WHAT THE EXERCISE ASKS
Among the entries, find each line that includes the string "width" and list it.

Entries taken from a collection:
******************************

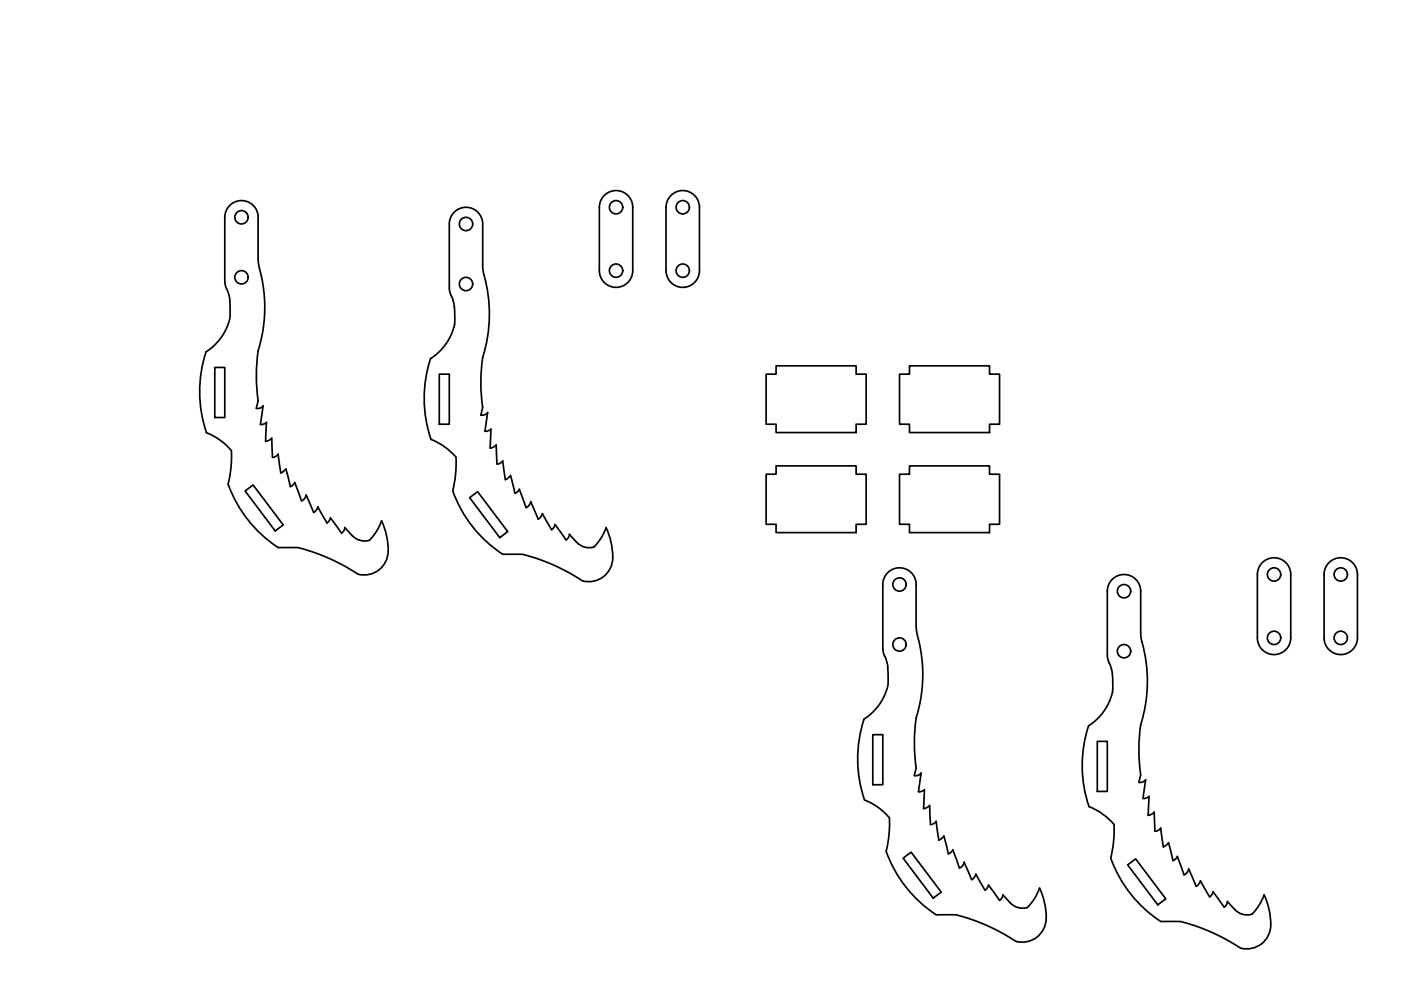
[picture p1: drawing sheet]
<svg xmlns="http://www.w3.org/2000/svg" width="420mm" height="297mm" viewBox="0 0 420 297" stroke-linecap="round" stroke-linejoin="round" font-family="sans-serif">
<!-- layer: Visible -->
<g fill="none" stroke="#000" stroke-width=".51">
<path d="M181.5 58.3a5 5 0 0 1 5.4-.7 5 5 0 0 1 2.9 4.5v19a5 5 0 0 1-5 5 5 5 0 0 1-5.1-5v-19a5 5 0 0 1 1.8-3.8zM200.9 58.9a5 5 0 0 1 5.6-1.5 5 5 0 0 1 3.3 4.7v19a5 5 0 0 1-5 5 5 5 0 0 1-5.1-5v-19a5 5 0 0 1 1.2-3.2zM77.4 65.1v12.6M77.4 65.1a5 5 0 0 0-5-5 5 5 0 0 0-5 5v19.2M77.4 77.7l.1 1.1a45.7 45.7 0 0 1-.1 26.3M134.7 67.1v19.2l.6 2.3M134.7 67.1a5 5 0 0 1 5.1-5 5 5 0 0 1 5 5M144.8 67.1v13.7a45.3 45.3 0 0 1 0 26.3 51.2 51.2 0 0 0 0 15l-.6 2.3M67.4 84.3l.5 2.3M68 86.5a12.7 12.7 0 0 1 1 7 14.1 14.1 0 0 1-3.7 9l-1.7 1.6-1.8 1.4a38 38 0 0 0 .1 24.2M135.3 88.6a16.5 16.5 0 0 1 .3 10.9 16.3 16.3 0 0 1-6.5 8 38 38 0 0 0 .2 24.2M64.4 110.1h3v15h-3z"/>
<path d="M77.4 105.1a52 52 0 0 0 0 15M131.7 112.1h3v15.1h-3zM229.8 112.1h2.9v-2.4h24.1v2.4h3v15.1h-3v2.5h-24.1v-2.5h-2.9zM269.8 112.1h3v-2.4h24v2.4h3v15.1h-3v2.5h-24v-2.5h-3zM61.9 129.7a19 19 0 0 1 7.5 5.4l-.1 5-.9 5M77.4 120.1l-.5 2.3h.9l1.1-.8M78.9 121.6l-.8 5.6 1.2-.1 .6-.5-.3 5.7 1.2-.4 .7-.6 .2 5.8 1.2-.4 .5-.6 .8 5.7 1.6-1.3 1.3 5.4M129.3 131.7a18.9 18.9 0 0 1 7.5 5.4 34.2 34.2 0 0 1-1 10 38.1 38.1 0 0 0 15 19h6a59.7 59.7 0 0 1 18 8 7.4 7.4 0 0 0 8.9-8.8 21.5 21.5 0 0 0-1.9-7.2 15.5 15.5 0 0 1-3.7 5.9 5 5 0 0 1-5.1-1.5l-2.2-2.3M144.2 124.4h.9l1.2-.8-.9 5.7 1.2-.2 .7-.5-.3 5.7M147 134.3l1.2-.4 .6-.5 .2 5.7 .9-.2 .9-.8 .8 5.7 1.5-1.3 1.3 5.4 .7-.4 .7-.9M68.4 145.1a38.1 38.1 0 0 0 15 19h6a60.4 60.4 0 0 1 18 8 7.2 7.2 0 0 0 9-7M73.5 147.2l2.4-1.8 9 11.9-2.4 1.8z"/>
<path d="M87.1 145.9l.9-.6 .4-.7 2 5.5M91.8 148.4l2.3 5.2 .7-.5 .5-1.2M91.8 148.4l-.3 .8-1.1 .9M95.3 152l2.8 4.8 .8-.9 .2-.7 3.3 4.6M102.4 159.8l.6-.5 .4-1.2 2.2 2.4M140.8 149.2l2.4-1.8 9.1 11.9-2.4 1.8zM155.7 146.6l2.1 5.6 .7-.6 .7-1.2 2.2 5.2M162.7 154l2.7 4.8M162.7 153.9l-.6 1.2-.7 .5M165.4 158.8l.8-.9 .3-.7 3.3 4.6M229.8 142.1h2.9v-2.5h24.1v2.5h3v15h-3v2.5h-24.1v-2.5h-2.9zM269.8 142.1h3v-2.5h24v2.5h3v15h-3v2.5h-24v-2.5h-3z"/>
<path d="M105.6 160.5a5 5 0 0 0 5.2 1.4 15.8 15.8 0 0 0 3.6-5.8 21.3 21.3 0 0 1 2 9M170.8 160.1l-.4 1.2-.6 .5M274.7 175.2v12.5M274.8 175.2a5 5 0 0 0-5-5 5 5 0 0 0-5 5v19.2M378.3 169a5 5 0 0 1 5.5-1.5 5 5 0 0 1 3.3 4.7v19a5 5 0 0 1-5 5 5 5 0 0 1-5-5v-19a5 5 0 0 1 1.2-3.2zM398.3 169a5 5 0 0 1 5.5-1.5 5 5 0 0 1 3.3 4.7v19a5 5 0 0 1-5 5 5 5 0 0 1-5-5v-19a5 5 0 0 1 1.2-3.2zM264.8 194.4l.5 2.2M265.3 196.6a12.7 12.7 0 0 1 1.1 7 14.1 14.1 0 0 1-3.8 8.9l-1.6 1.7-1.9 1.3a38.4 38.4 0 0 0 .1 24.3 19 19 0 0 1 7.5 5.3l-.1 5.1-.9 5M274.8 187.7v1.1a45.7 45.7 0 0 1-.1 26.4M332.6 198.6l-.5-2.2v-19.2a5 5 0 0 1 5-5 5 5 0 0 1 5 5l.1 13.6a45.3 45.3 0 0 1-.1 26.4 51.2 51.2 0 0 0 0 15l-.6 2.3M332.6 198.6l.7 1.7 .3 1.7M274.8 215.2a52 52 0 0 0 0 15"/>
<path d="M333.6 202a14.5 14.5 0 0 1-2.9 11.6l-2.3 2.6-1.9 1.3a38 38 0 0 0 .1 24.3M261.7 220.2h3.1v15h-3.1zM274.2 232.5h.9l1.2-.8-.9 5.6 1.2-.2 .6-.4-.2 5.7M274.7 230.2l-.5 2.3M329.1 222.2h3v15h-3zM341.6 234.5h.9l1.1-.8-.8 5.6 1.2-.2 .6-.4-.3 5.7M265.8 255.2a38.1 38.1 0 0 0 15 19h5.9a60.4 60.4 0 0 1 18.1 8 7.2 7.2 0 0 0 9-7M270.8 257.2l2.4-1.8 9.1 12-2.4 1.8zM277 242.4l1.2-.4 .6-.6 .2 5.7 .8-.1 1-.8 .7 5.6 1.6-1.2 1.3 5.4 .9-.7 .5-.6 1.9 5.5 .8-.5 .7-1.3M289.1 258.4l2.3 5.3 .7-.6 .6-1.1M326.6 241.8a18.9 18.9 0 0 1 7.5 5.3 34.2 34.2 0 0 1-1 10.1M333.1 257.2a38.2 38.2 0 0 0 15 19h6a60.4 60.4 0 0 1 18 8 7.4 7.4 0 0 0 8.9-8.8 21.5 21.5 0 0 0-1.9-7.2"/>
<path d="M338.2 259.2l2.4-1.8 9 12-2.4 1.8zM344.3 244.4l1.2-.4 .7-.6 .2 5.8 .8-.2 .9-.8M348.1 248.2l.8 5.7M348.9 253.8l1.5-1.2 1.4 5.3 .6-.3 .7-.9M353.1 256.7l2 5.5 .8-.5 .6-1.3 2.3 5.3M292.7 262l2.7 4.8 .8-.8 .2-.7 3.4 4.6M299.8 269.9l.6-.6 .4-1.1a10.2 10.2 0 0 0 3.9 3.6 3.5 3.5 0 0 0 5.1-1.8l2-3.8a21.3 21.3 0 0 1 2 9M358.8 265.7l.6-.6 .6-1.1 2.8 4.8M362.8 268.8l.8-.8 .2-.7 3.3 4.6M368.1 270.2l-.4 1.1-.6 .6M379.1 268.2a15.5 15.5 0 0 1-3.6 5.8 5 5 0 0 1-5.2-1.4l-2.2-2.4"/>
<circle cx="72.4" cy="65.1" r="2"/>
<circle cx="139.8" cy="67.1" r="2"/>
<circle cx="184.8" cy="62.1" r="2"/>
<circle cx="204.8" cy="62.1" r="2"/>
<circle cx="72.4" cy="83.1" r="2"/>
<circle cx="139.8" cy="85.1" r="2"/>
<circle cx="184.8" cy="81.1" r="2"/>
<circle cx="204.8" cy="81.1" r="2"/>
<circle cx="269.8" cy="175.2" r="2"/>
<circle cx="337.1" cy="177.2" r="2"/>
<circle cx="382.1" cy="172.2" r="2"/>
<circle cx="402.1" cy="172.2" r="2"/>
<circle cx="269.8" cy="193.2" r="2"/>
<circle cx="337.1" cy="195.2" r="2"/>
<circle cx="382.1" cy="191.2" r="2"/>
<circle cx="402.1" cy="191.2" r="2"/>
</g>
</svg>

******************************

RESPONSE
<svg xmlns="http://www.w3.org/2000/svg" width="420mm" height="297mm" viewBox="0 0 420 297" stroke-linecap="round" stroke-linejoin="round" font-family="sans-serif">
<g fill="none" stroke="#000" stroke-width=".51">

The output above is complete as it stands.